# Clarke IG1000 generator fuel problem



## Micckkee (Feb 21, 2015)

Ive got a clarke IG1000 invertor generator.. Its done about 200 hours without any problems but a few days ago it started cutting out. Basically what ive found is when the fuel tank get about half empty (roughly level to the bottom of the carb) it shuts of and wont restart untill u fill it up again.. And so on! Its got a vacume pump and wondering if this could be the prob?


----------



## aandpdan (Oct 8, 2012)

Welcome to the forum.

It does sound like a fuel supply problem. Is this the internal fuel tank or does it have an external tank? I don't see a vacuum pump on the parts breakdown.

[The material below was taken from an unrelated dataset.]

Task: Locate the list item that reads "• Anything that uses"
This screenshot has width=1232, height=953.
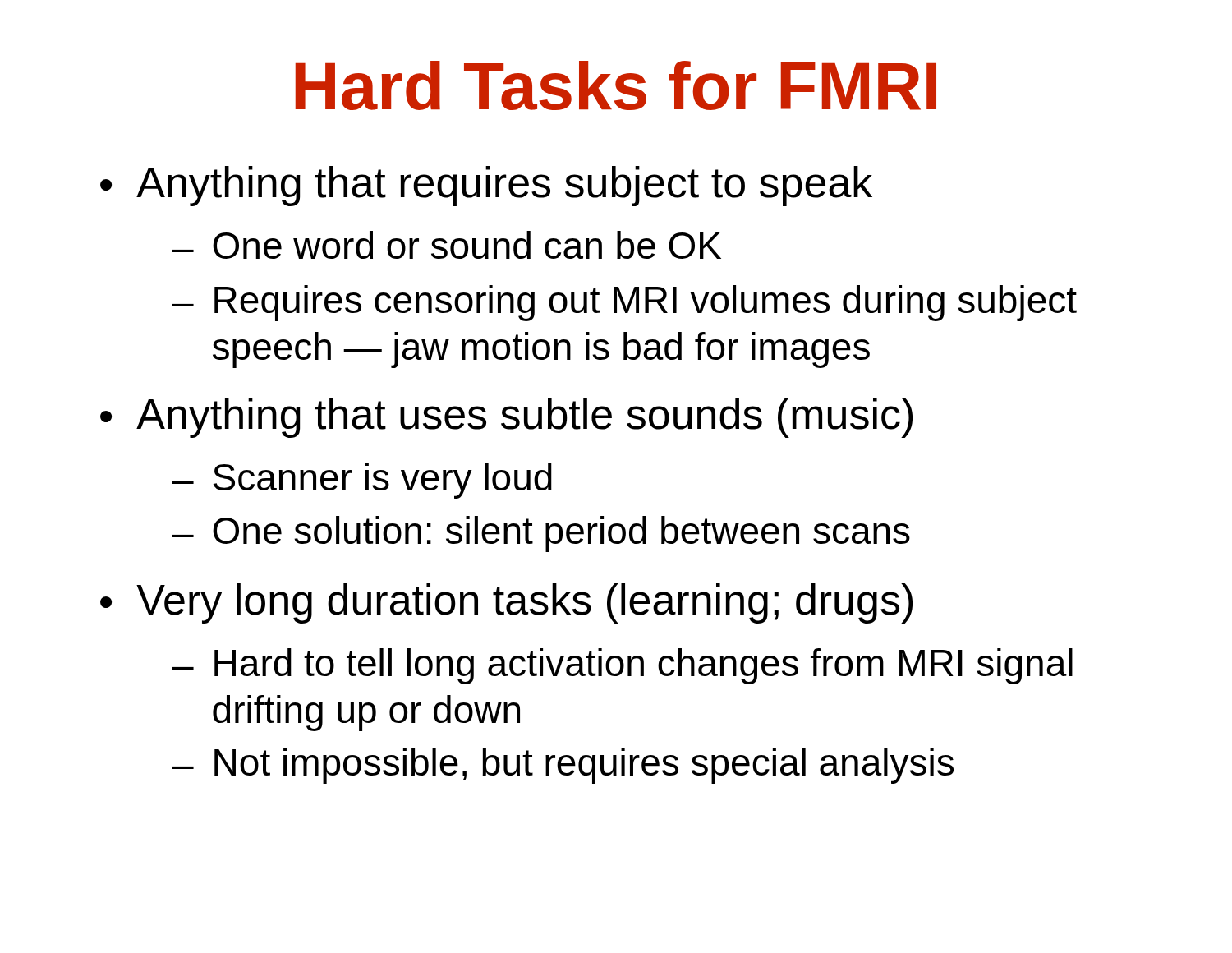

Make sure either tank is properly vented - loosen the gas cap when it cuts out.


----------



## Micckkee (Feb 21, 2015)

Thank you..

Its an internal fuel tank, part number 78 http://www.clarkeservice.co.uk/manuals/generators/ig1000_rev7.pdf
Ive even tried it with the fuel cap off and no joy


----------



## aandpdan (Oct 8, 2012)

Interesting.

Check all the lines, if you have any cracks they'll reduce the effectiveness of the pump. After that, you'll probably end up replacing the pump unless you can rebuild it.


----------